◆ Work task
Entries follow. Give back exactly the lines starting at the one containing "Units: m, deg. One object per line." and ending at the one containing "Horizontal angle of view: 60.0°. Camera", and no other lines.

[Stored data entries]
**********

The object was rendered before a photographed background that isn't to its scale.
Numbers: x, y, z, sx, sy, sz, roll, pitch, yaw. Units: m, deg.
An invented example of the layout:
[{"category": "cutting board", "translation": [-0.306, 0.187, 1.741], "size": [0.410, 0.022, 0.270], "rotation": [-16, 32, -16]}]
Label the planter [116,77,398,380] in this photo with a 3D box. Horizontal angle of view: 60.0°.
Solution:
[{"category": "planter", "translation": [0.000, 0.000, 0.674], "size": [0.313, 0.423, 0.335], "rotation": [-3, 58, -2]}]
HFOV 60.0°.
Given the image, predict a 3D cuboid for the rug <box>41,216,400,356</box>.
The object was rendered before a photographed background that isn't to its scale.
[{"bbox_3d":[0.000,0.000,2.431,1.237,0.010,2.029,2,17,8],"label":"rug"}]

**********

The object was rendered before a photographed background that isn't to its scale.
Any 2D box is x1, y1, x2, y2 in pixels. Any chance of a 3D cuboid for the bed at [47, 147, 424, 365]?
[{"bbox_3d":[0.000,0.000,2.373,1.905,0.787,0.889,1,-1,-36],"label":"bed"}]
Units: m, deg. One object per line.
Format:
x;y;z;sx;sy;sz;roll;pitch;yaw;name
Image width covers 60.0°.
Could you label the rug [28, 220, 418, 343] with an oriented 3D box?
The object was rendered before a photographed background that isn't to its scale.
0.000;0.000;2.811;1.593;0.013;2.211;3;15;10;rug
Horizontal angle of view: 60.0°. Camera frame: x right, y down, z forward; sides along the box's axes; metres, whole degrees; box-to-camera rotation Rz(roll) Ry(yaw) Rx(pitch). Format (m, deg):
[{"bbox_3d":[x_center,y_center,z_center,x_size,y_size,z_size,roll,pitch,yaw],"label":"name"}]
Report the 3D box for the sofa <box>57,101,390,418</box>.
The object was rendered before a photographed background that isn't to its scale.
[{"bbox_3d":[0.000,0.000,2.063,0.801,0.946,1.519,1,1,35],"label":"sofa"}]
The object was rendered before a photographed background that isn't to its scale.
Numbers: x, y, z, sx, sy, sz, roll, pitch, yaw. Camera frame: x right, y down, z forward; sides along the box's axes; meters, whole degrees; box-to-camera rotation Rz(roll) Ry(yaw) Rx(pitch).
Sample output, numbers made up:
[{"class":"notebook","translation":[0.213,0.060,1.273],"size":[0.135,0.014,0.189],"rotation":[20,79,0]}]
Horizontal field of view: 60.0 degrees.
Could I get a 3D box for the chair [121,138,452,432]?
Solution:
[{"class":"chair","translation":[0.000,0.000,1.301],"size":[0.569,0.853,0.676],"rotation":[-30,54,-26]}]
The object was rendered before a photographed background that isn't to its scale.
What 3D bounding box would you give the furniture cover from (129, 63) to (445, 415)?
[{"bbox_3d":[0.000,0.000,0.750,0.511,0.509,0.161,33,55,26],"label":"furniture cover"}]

**********

◆ Solved problem
Units: m, deg. One object per line.
Format:
x;y;z;sx;sy;sz;roll;pitch;yaw;name
Image width covers 60.0°.
Could you label the rug [28, 220, 418, 343] with an oriented 3D box?
The object was rendered before a photographed background that isn't to its scale.
0.000;0.000;2.811;1.593;0.013;2.211;3;15;10;rug
Horizontal angle of view: 60.0°. Camera frame: x right, y down, z forward; sides along the box's axes; metres, whole degrees; box-to-camera rotation Rz(roll) Ry(yaw) Rx(pitch). Format (m, deg):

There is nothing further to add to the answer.